With that, he fired off a single emerald laser, which split apart as if through a prism and dissipated around Ollie.
Miranda and Ken observed from the sidelines, standing between the combatants and the civilians.
Ken whispered, “I’ll get Alyssa. Her power—”
“I don’t want her getting hurt.”
“You think I want that?” Irritation laced his response. “Her power is what we need here. If Carey can’t—”
“He will.”
“But if he can’t …”
Carey lobbed off another volley and backed up a step when it, too, failed.
“I’m asking her.” Ken took off, leaving Miranda to silently root for the Golden Gladiator’s success, no more useful than any other spectator present.
“You’re a tricky customer, aren’t you?” Carey said, continuing his backward walk. His gauntlet projected a holographic computer screen, which he scrolled through rapidly, even frantically. He muttered something under his breath while his face acquired an expression that was, for him, quite novel. The Inside-Out Man confused the Golden Gladiator.
Internal organs swirled around Ollie, his pace unaffected by the superhero’s presence.
“You’re fake,” Ollie said, raising an arm, a thick bone overflowing with fat, muscle, and skin at each joint.
The phalanges pointed at Carey, splayed, and ripped the armored superhero into hundreds of 3D puzzle pieces. The pieces orbited each other like demented atoms.
And Miranda could only watch.
“Help him, Ultra Woman!” someone shouted.

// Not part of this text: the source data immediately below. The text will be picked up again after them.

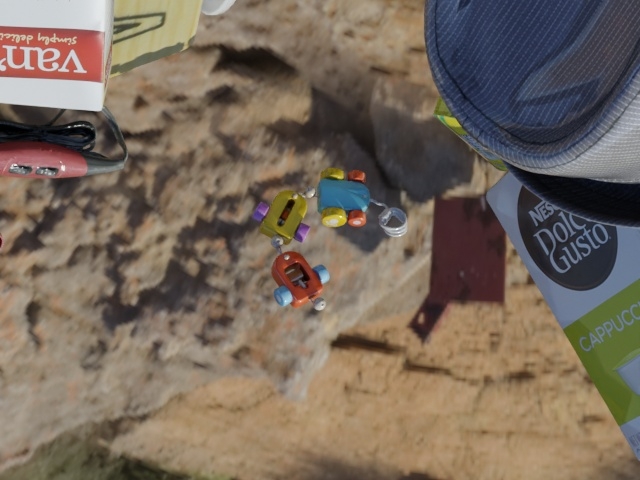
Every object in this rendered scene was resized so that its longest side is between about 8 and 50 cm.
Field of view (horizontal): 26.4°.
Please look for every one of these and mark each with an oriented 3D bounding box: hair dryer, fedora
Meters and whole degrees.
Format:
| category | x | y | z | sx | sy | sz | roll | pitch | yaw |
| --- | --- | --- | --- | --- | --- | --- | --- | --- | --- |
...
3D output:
| category | x | y | z | sx | sy | sz | roll | pitch | yaw |
| --- | --- | --- | --- | --- | --- | --- | --- | --- | --- |
| hair dryer | -0.293 | -0.085 | 1.244 | 0.224 | 0.293 | 0.080 | 18 | 126 | -8 |
| fedora | 0.148 | -0.131 | 0.651 | 0.243 | 0.124 | 0.275 | 54 | 126 | 20 |

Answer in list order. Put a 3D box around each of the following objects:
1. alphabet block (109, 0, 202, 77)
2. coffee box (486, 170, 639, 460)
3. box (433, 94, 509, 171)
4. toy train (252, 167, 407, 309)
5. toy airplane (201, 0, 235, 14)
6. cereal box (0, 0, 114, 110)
| category | x | y | z | sx | sy | sz | roll | pitch | yaw |
| --- | --- | --- | --- | --- | --- | --- | --- | --- | --- |
| alphabet block | -0.237 | -0.285 | 1.351 | 0.193 | 0.197 | 0.192 | -22 | 74 | -20 |
| coffee box | 0.442 | -0.029 | 1.376 | 0.334 | 0.338 | 0.337 | 62 | 144 | 12 |
| box | 0.180 | -0.150 | 1.446 | 0.043 | 0.179 | 0.105 | 12 | 77 | 36 |
| toy train | 0.000 | 0.000 | 1.365 | 0.125 | 0.166 | 0.046 | 50 | 152 | 13 |
| toy airplane | -0.176 | -0.438 | 1.524 | 0.386 | 0.272 | 0.384 | -6 | 114 | 6 |
| cereal box | -0.169 | -0.169 | 0.562 | 0.173 | 0.047 | 0.240 | 4 | 127 | -5 |
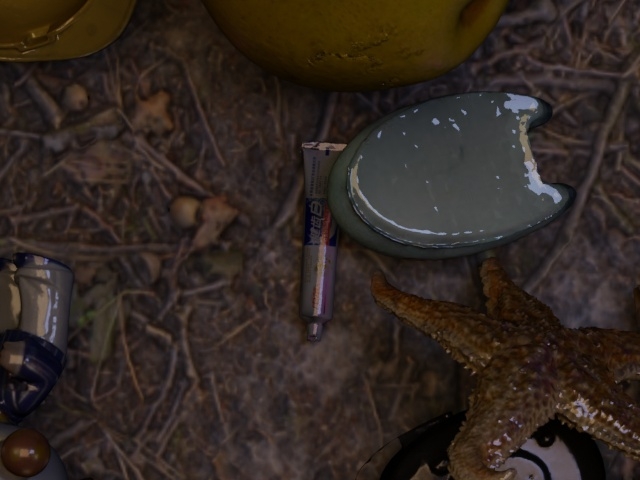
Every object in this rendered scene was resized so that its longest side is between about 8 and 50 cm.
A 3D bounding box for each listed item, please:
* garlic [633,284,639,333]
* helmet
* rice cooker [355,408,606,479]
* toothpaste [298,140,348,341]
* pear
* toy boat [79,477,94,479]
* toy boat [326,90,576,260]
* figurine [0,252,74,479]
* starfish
[{"bbox_3d":[0.325,0.072,1.528,0.152,0.066,0.084,21,82,7],"label":"garlic"},{"bbox_3d":[-0.264,-0.266,1.563,0.257,0.140,0.205,14,117,-4],"label":"helmet"},{"bbox_3d":[0.130,0.202,1.496,0.203,0.118,0.142,-24,84,-3],"label":"rice cooker"},{"bbox_3d":[0.000,0.000,1.573,0.045,0.028,0.169,4,81,4],"label":"toothpaste"},{"bbox_3d":[0.005,-0.270,1.479,0.336,0.285,0.285,41,86,1],"label":"pear"},{"bbox_3d":[-0.113,0.232,1.525,0.186,0.075,0.077,-1,85,8],"label":"toy boat"},{"bbox_3d":[0.104,-0.051,1.559,0.208,0.079,0.134,-15,87,-13],"label":"toy boat"},{"bbox_3d":[-0.263,0.152,1.526,0.194,0.133,0.274,-33,47,37],"label":"figurine"},{"bbox_3d":[0.176,0.088,1.444,0.299,0.060,0.302,-16,43,-35],"label":"starfish"}]
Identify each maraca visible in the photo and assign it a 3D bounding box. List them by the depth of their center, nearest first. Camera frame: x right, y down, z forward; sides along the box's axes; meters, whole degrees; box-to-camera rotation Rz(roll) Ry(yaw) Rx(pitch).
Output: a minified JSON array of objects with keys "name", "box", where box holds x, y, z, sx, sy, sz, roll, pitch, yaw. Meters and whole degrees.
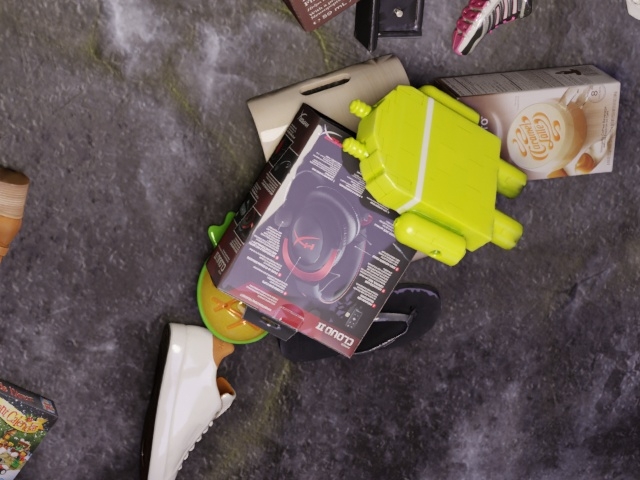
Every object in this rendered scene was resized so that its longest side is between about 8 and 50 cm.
[{"name":"maraca","box":[-0.111,0.053,1.932,0.127,0.099,0.186,4,87,-21]}]

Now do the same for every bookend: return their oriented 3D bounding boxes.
[{"name":"bookend","box":[0.132,-0.339,1.829,0.156,0.072,0.157,-3,116,-16]}]

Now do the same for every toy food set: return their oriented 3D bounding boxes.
[{"name":"toy food set","box":[0.038,-0.085,1.924,0.219,0.092,0.306,-18,111,-7]}]

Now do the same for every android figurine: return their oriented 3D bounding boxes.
[{"name":"android figurine","box":[0.147,-0.093,1.761,0.272,0.248,0.056,24,145,-24]}]

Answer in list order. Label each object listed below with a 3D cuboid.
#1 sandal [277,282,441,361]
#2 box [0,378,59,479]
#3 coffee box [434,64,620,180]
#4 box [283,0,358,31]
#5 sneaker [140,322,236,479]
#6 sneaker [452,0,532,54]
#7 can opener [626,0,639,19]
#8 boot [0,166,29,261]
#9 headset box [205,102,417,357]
[{"name":"sandal","box":[0.064,0.136,2.045,0.254,0.054,0.097,-16,118,-9]},{"name":"box","box":[-0.510,0.256,1.920,0.233,0.044,0.159,30,104,-33]},{"name":"coffee box","box":[0.289,-0.163,1.945,0.246,0.098,0.141,-7,115,-14]},{"name":"box","box":[-0.011,-0.393,1.656,0.168,0.167,0.203,-34,162,2]},{"name":"sneaker","box":[-0.190,0.265,1.999,0.123,0.106,0.290,8,111,-18]},{"name":"sneaker","box":[0.250,-0.318,1.879,0.074,0.063,0.170,33,97,-21]},{"name":"can opener","box":[0.442,-0.431,1.892,0.093,0.074,0.280,-45,128,-33]},{"name":"boot","box":[-0.489,-0.034,1.787,0.197,0.073,0.152,17,115,-18]},{"name":"headset box","box":[0.000,0.000,1.831,0.218,0.110,0.293,28,98,-20]}]
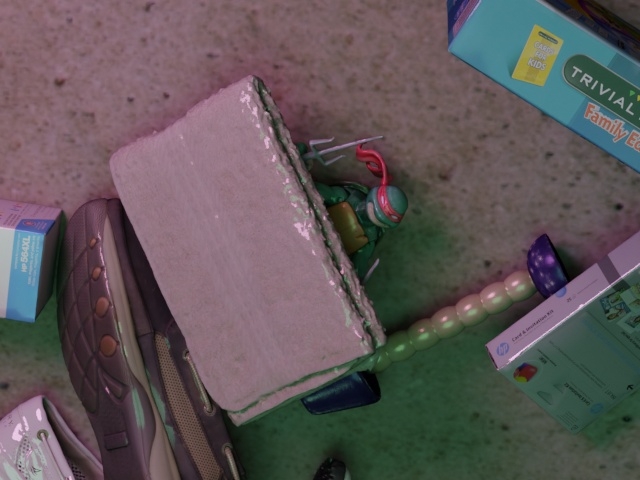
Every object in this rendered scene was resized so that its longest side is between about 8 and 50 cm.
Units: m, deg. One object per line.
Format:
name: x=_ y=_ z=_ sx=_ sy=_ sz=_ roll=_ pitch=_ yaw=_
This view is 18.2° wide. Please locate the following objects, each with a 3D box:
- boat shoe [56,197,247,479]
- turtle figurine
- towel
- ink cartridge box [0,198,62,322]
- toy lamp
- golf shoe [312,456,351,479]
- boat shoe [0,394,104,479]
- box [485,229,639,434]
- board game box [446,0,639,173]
boat shoe: x=-0.152 y=0.130 z=1.878 sx=0.130 sy=0.132 sz=0.355 roll=-14 pitch=92 yaw=-33
turtle figurine: x=0.000 y=0.000 z=1.827 sx=0.234 sy=0.118 sz=0.175 roll=-28 pitch=85 yaw=28
towel: x=-0.065 y=0.011 z=1.781 sx=0.187 sy=0.049 sz=0.282 roll=-27 pitch=84 yaw=32
ink cartridge box: x=-0.323 y=0.012 z=1.864 sx=0.143 sy=0.092 sz=0.090 roll=10 pitch=106 yaw=0
toy lamp: x=0.103 y=0.085 z=1.867 sx=0.274 sy=0.080 sz=0.080 roll=-25 pitch=103 yaw=9
golf shoe: x=0.029 y=0.299 z=1.939 sx=0.094 sy=0.077 sz=0.198 roll=3 pitch=116 yaw=-3
boat shoe: x=-0.207 y=0.266 z=1.927 sx=0.096 sy=0.098 sz=0.277 roll=-40 pitch=99 yaw=14
box: x=0.266 y=0.086 z=1.839 sx=0.186 sy=0.038 sz=0.145 roll=-39 pitch=133 yaw=13
board game box: x=0.267 y=-0.126 z=1.701 sx=0.336 sy=0.254 sz=0.079 roll=31 pitch=105 yaw=-6
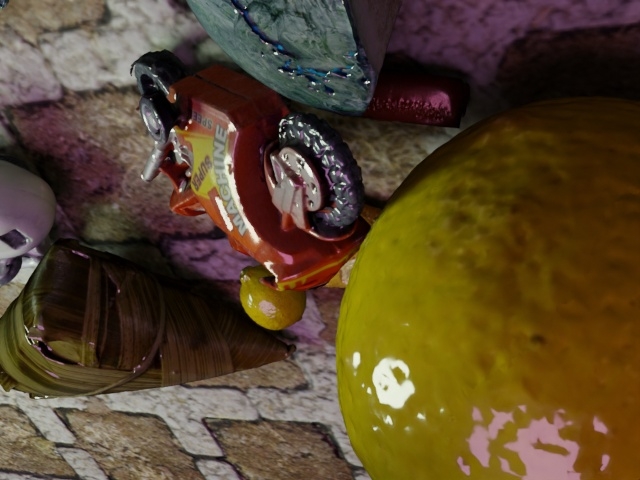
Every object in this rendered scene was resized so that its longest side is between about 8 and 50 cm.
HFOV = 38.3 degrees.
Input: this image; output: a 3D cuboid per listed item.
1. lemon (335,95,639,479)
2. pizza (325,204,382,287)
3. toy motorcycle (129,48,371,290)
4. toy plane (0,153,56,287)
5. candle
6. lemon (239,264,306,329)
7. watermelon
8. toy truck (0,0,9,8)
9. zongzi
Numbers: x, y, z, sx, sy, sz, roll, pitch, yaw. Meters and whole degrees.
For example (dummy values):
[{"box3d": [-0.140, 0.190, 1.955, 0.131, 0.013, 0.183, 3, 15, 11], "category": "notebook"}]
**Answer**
[{"box3d": [0.166, 0.065, 0.628, 0.336, 0.336, 0.336, 13, 138, 12], "category": "lemon"}, {"box3d": [0.000, 0.000, 0.857, 0.160, 0.035, 0.099, -1, 133, 26], "category": "pizza"}, {"box3d": [-0.058, -0.051, 0.704, 0.298, 0.089, 0.171, 31, 149, 48], "category": "toy motorcycle"}, {"box3d": [-0.380, -0.030, 0.929, 0.252, 0.118, 0.252, 5, 155, 2], "category": "toy plane"}, {"box3d": [0.032, -0.111, 0.717, 0.162, 0.048, 0.053, 9, 156, 14], "category": "candle"}, {"box3d": [-0.049, 0.055, 0.917, 0.083, 0.062, 0.062, 41, 136, -20], "category": "lemon"}, {"box3d": [-0.043, -0.200, 0.552, 0.175, 0.188, 0.321, 2, 133, 20], "category": "watermelon"}, {"box3d": [-0.279, -0.221, 0.729, 0.077, 0.076, 0.111, 17, 144, -24], "category": "toy truck"}, {"box3d": [-0.207, 0.118, 1.032, 0.288, 0.134, 0.286, 15, 156, -26], "category": "zongzi"}]
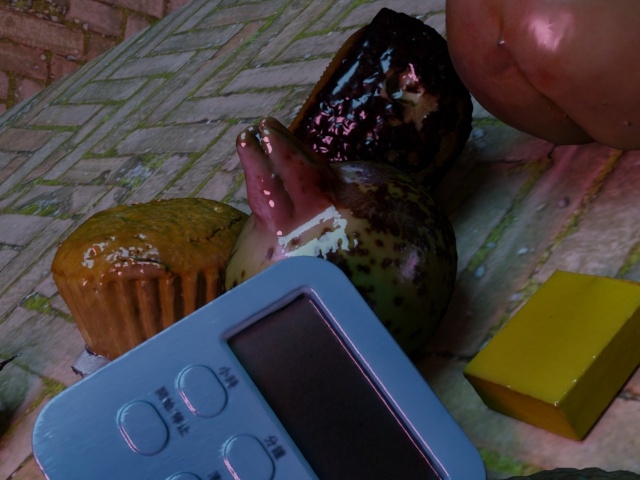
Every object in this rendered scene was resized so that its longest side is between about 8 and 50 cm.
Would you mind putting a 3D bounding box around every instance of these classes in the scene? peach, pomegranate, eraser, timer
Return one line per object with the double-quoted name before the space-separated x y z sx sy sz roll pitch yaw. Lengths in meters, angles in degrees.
"peach" 0.252 -0.209 0.895 0.292 0.247 0.292 0 10 0
"pomegranate" 0.000 0.000 0.837 0.214 0.247 0.214 -26 27 14
"eraser" 0.182 0.080 0.731 0.122 0.045 0.097 -44 28 -20
"timer" -0.038 0.149 0.676 0.250 0.091 0.232 -36 70 -7

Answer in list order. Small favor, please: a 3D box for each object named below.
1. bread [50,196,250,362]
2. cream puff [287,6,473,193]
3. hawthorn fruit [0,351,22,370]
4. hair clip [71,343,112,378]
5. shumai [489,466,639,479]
"bread" -0.168 0.032 1.065 0.240 0.139 0.240 -6 19 2
"cream puff" 0.061 -0.114 1.020 0.239 0.165 0.239 -55 4 5
"hawthorn fruit" -0.445 0.194 1.123 0.235 0.181 0.181 -30 24 -21
"hair clip" -0.201 0.149 1.039 0.172 0.049 0.116 4 50 44
"shumai" 0.110 0.230 0.502 0.272 0.203 0.222 -8 -2 -3
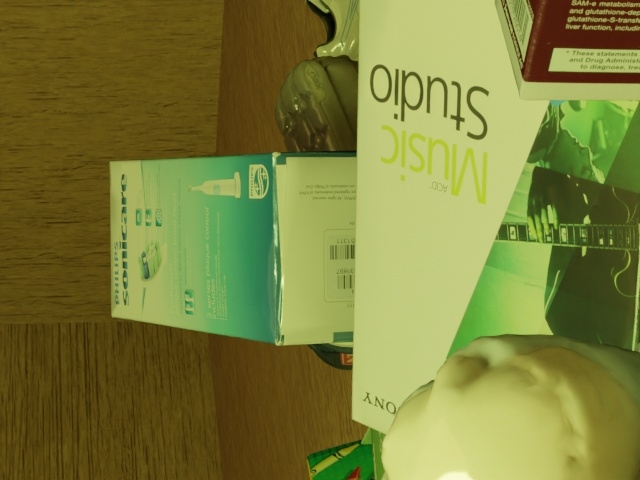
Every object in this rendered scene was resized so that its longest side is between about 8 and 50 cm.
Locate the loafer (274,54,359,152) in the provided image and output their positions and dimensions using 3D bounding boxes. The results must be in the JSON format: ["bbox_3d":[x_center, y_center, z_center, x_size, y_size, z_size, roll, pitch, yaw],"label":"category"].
[{"bbox_3d":[0.066,-0.016,1.540,0.112,0.111,0.319,-47,58,55],"label":"loafer"}]

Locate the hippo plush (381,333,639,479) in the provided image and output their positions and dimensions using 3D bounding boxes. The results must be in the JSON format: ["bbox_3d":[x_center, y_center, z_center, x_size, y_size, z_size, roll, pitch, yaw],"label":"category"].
[{"bbox_3d":[0.187,0.016,0.531,0.294,0.234,0.236,-19,-44,-56],"label":"hippo plush"}]

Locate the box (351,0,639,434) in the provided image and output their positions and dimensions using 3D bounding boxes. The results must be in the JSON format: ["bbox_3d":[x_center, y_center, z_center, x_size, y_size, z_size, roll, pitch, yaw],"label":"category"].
[{"bbox_3d":[0.109,-0.021,1.027,0.232,0.058,0.322,19,115,50],"label":"box"}]

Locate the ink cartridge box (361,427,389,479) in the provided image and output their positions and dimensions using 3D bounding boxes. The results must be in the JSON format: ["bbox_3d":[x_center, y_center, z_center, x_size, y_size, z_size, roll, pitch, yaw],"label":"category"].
[{"bbox_3d":[0.096,0.137,1.307,0.209,0.109,0.062,106,162,-64],"label":"ink cartridge box"}]

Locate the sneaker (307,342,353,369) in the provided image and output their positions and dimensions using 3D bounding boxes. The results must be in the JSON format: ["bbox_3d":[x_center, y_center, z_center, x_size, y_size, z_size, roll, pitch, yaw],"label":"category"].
[{"bbox_3d":[0.033,0.067,1.743,0.350,0.131,0.148,-98,2,-73],"label":"sneaker"}]

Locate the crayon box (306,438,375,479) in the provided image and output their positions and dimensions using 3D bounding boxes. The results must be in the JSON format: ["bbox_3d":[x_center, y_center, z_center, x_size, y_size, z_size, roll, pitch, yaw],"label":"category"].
[{"bbox_3d":[0.065,0.309,1.419,0.165,0.081,0.278,-109,5,-64],"label":"crayon box"}]

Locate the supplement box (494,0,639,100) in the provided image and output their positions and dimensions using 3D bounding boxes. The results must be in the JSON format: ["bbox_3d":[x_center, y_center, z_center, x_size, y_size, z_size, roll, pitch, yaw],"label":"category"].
[{"bbox_3d":[0.157,-0.168,0.768,0.239,0.130,0.073,99,168,-46],"label":"supplement box"}]

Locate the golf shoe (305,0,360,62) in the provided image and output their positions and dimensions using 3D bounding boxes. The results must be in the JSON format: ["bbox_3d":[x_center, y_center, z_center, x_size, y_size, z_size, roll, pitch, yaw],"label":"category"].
[{"bbox_3d":[0.028,-0.254,1.829,0.069,0.086,0.176,115,154,-76],"label":"golf shoe"}]

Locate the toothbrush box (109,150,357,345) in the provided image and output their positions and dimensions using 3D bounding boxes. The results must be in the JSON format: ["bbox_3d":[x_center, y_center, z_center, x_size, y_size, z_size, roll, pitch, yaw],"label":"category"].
[{"bbox_3d":[0.000,0.000,1.312,0.295,0.216,0.126,5,95,62],"label":"toothbrush box"}]

She wanted to. She couldn’t move. Something was missing. Something else would go missing, and it would never come back.
The pieces of Carey spread apart. And further apart.
Miranda picked up the nearest car and threw it at Ollie.
The car disassembled well before any impact. Various components settled at the Inside-Out Man’s feet and reformed into a makeshift staircase, which he began to climb. When he reached the top step, the bottom one slid up to replace it. In that fashion, he ascended into the sky.
Carey snapped back together with a long, sustained gasp. Miranda rushed toward him, asking the incredibly stupid question of how he felt.
His eyes radiated pure terror.
“Don’t look at me.” He rocketed straight up. “Don’t look at me!”
Ollie continued his march toward Argus Max while the Golden Gladiator disappeared into the clouds.